A map of the layout of St. Augustine.
The plan of St. Augustine, Florida is more irregular than the Old Town grid, given that St. Augustine was a more populated town before the 1573 planning laws were implemented. The urban pattern of roads and land parcels that changed over the years after fires, attacks by the English, pirates, and filibusters from the United States are still embedded in the city plan. Fernandina was inhabited by Europeans from the 16th century onward but grew slowly, in a haphazard manner antithetical to the monarchy’s desire for settlements to embody the “order of the empire”. In 1811, Governor Enrique White tasked George J.F. Clarke, Surveyor General, with implementing a town plan that demonstrated a strict adherence to the Law of the Indies established over 200 years earlier.
The Old Town layout consists of blocks divided by equal-width streets running north-south and east-west. Each block is divided into lots of 2 types: peonias and media-peonias, the latter which are unique to Old Town. The dimensions of the lots were not arbitrary and reflect the emphasis on landholders supporting themselves and the community with food and shelter. For example, Rule number 104 of the Laws states: “A peonia is an urban lot 46 feet wide and 92 feet deep, land that will yield 156 bushels of either wheat or barley, 15.6 bushels of corn, land sized for two days of plowing for a vegetable garden, land sized for eight days of plowing to plant unirrigated trees, and pasture land for ten fertile sows, twenty cows, five mares, one hundred sheep, and twenty goats”. The below photograph of Old Town from the late 19th century still shows extensive agriculture on many lots. Nowadays, this practice is a distant memory.
A photograph of Oldtown in the 19th Century.

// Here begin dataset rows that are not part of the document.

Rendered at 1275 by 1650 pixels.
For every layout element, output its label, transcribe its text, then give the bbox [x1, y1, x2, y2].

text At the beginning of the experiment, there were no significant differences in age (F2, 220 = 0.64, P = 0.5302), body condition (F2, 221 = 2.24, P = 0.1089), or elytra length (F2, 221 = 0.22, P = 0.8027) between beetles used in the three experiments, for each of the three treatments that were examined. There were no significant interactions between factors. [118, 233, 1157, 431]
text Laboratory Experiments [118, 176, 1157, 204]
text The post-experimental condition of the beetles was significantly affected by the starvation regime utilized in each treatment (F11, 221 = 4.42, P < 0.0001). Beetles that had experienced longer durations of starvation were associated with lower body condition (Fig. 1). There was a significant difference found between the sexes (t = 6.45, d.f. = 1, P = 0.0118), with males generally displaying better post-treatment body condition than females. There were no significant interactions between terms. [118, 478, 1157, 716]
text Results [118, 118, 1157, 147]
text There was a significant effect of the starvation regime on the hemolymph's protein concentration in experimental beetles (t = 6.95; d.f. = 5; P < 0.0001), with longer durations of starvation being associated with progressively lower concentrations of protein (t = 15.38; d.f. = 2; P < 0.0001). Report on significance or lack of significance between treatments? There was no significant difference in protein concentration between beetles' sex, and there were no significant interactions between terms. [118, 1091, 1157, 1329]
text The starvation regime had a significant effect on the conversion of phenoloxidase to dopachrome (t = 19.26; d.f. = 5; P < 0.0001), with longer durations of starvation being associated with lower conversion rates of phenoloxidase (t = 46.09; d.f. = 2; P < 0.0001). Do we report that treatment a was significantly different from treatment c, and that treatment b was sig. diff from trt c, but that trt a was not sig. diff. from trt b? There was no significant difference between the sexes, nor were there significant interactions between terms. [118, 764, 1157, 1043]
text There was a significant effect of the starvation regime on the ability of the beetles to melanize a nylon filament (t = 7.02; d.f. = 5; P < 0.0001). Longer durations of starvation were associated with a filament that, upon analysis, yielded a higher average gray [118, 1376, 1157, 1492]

The original plaza, which is now a State Park, faces the deep waters of the Amelia River as prescribed by the Law of the Indies. The fortification seen in the early plan of Old Town was abandoned after Florida became US territory in 1821, and today, archeological remains only exist below ground. The town languished over the decades and continued to decline when David Yulee established a railroad junction further south in his planned city of New Fernandina. Taking advantage of the deep-water port and easy access to the Atlantic Ocean, Yulee’s plan led to the Golden Age of Fernandina in the late 19th and early 20th century. Old Town remained as a home for ship captains, fishermen, factory workers, immigrants, and old Spanish families like the Traeyes. And yet, the grid remains protected in a set of design guidelines established in 1999 and updated in 2021.

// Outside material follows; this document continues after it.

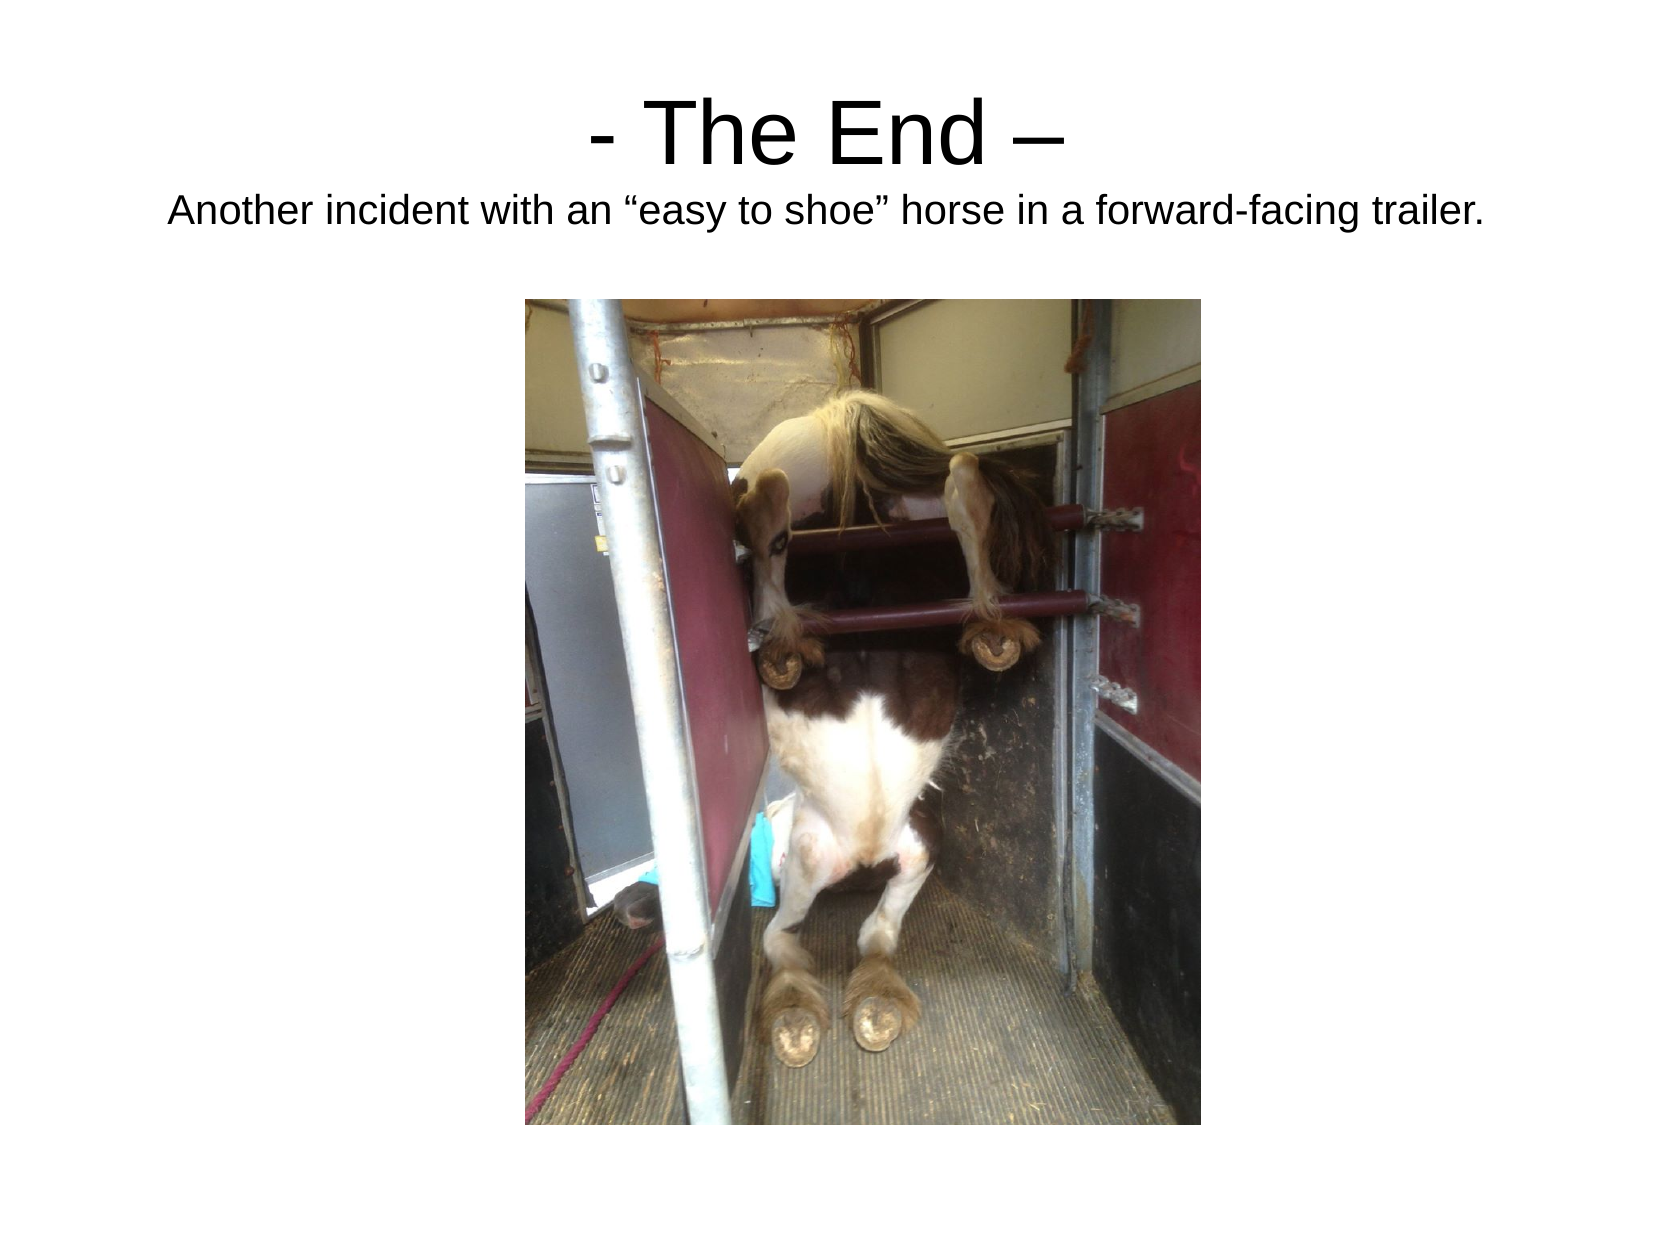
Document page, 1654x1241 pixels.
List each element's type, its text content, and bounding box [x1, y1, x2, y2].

picture [525, 300, 1201, 1126]
title - The End – Another incident with an “easy to shoe” horse in a forward-facing trailer. [82, 49, 1571, 257]

Coincidentally, Old Town’s grid plan was implemented in 1811—the same year the New York City Planning Commission presented its gridded plan for New York City, writing it combined “beauty, order, and convenience.” This New York plan influenced Yulee’s vision for “New Fernandina”, which was drawn up in 1857.
Consider taking a trip up North 14th Street to Old Town—relax on a bench in the plaza and reflect on the site’s deep, complex history.